On Mon, Jan 30, 2023 at 2:00 PM Dan Williams <[email protected]> wrote:
>
> Hi Shesha, Linux email expectations are to not top post, i.e. respond
> inline, like below:
>
> Shesha Sreenivasamurthy wrote:
>> The re-configuration does not reset the device. It does re-program the PCIe
>> DVSEC for CXL Device register (Section 8.1.3 CXL 2.0 spec Pg 258), register
>> (DVSEC vendor ID 0x1E98, DCSEC ID 0x0).
>> “So you need to dynamically recreate the region, especially if your step 10
>> above resets the device.”
>> Do you mean the DAX region ?
>
> No, I mean the CXL region.
>
>> If so, I can if the system stays up. After a few seconds the system
>> crashes. Can the crash be because of a mismatch between DVSEC
>> information with what kernel was informed by BIOS during boot (Some
>> ACPI tables ?)
>
> My concern is that the platform memory decode configuration is not
> prepared for the CXL device to claim more than what was originally
> programmed in the CXL DVSEC range registers. One of the platform
> firmware updates for CXL 2.0 was the creation of the CFMWS (CXL Fixed
> Memory Window Structure) in the ACPI CEDT (CXL Early Discovery Table).

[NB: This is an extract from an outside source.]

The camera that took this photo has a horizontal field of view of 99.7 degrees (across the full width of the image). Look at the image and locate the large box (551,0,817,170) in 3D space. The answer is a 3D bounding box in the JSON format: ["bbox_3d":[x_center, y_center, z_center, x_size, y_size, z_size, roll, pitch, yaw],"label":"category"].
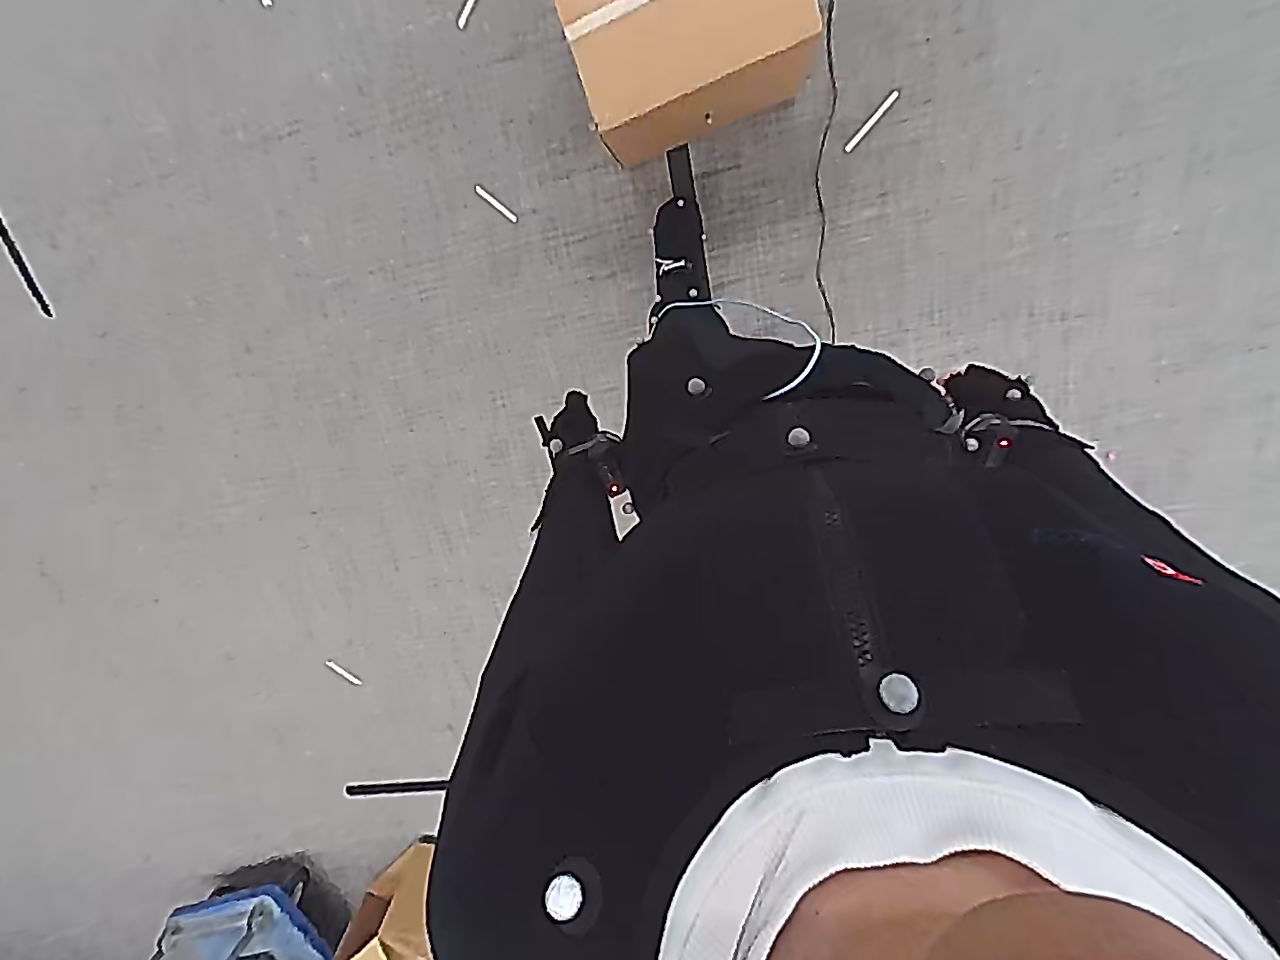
[{"bbox_3d":[0.079,-0.857,1.028,0.408,0.320,0.320,-17,105,14],"label":"large box"}]

> That structure indicates which platform address ranges decode to which
> CXL host bridges. Those windows are defined in platform specific
> registersi (not enumerated to the OS). If the window is only 8GB then
> the endpoint device can not decode more. You would need to reboot to get
> the BIOS to allocate more host address space for CXL.
>
> The expectation for newer platforms is that platform firmware define
> CFMWS such that there is spare capacity in the address map for the OS to
> dynmaically map more CXL.
There seems to be some instability in using DAX. When the system is given all the device memory using efi=nosoftreserve, the stressapptest (https://github.com/stressapptest/stressapptest) runs for an extended period of time. However, when the system is booted without efi=nosoftreserve, and assigned the special purpose memory to system-ram using daxctl, the system crashes after some time (20-30 mins). Is there any known instabilities when using DAX?
Shesha Sreenivasamurthy wrote:
[..]
> There seems to be some instability in using DAX. When the system is
> given all the device memory using efi=nosoftreserve, the stressapptest
> (https://github.com/stressapptest/stressapptest) runs for an extended
> period of time. However, when the system is booted without
> efi=nosoftreserve, and assigned the special purpose memory to
> system-ram using daxctl, the system crashes after some time (20-30
> mins). Is there any known instabilities when using DAX?
One difference with late binding of memory is where kernel data
structures are allocated. So the stress profile can change based on
kernel activity. Otherwise there is no known instability with delaying
the online of memory.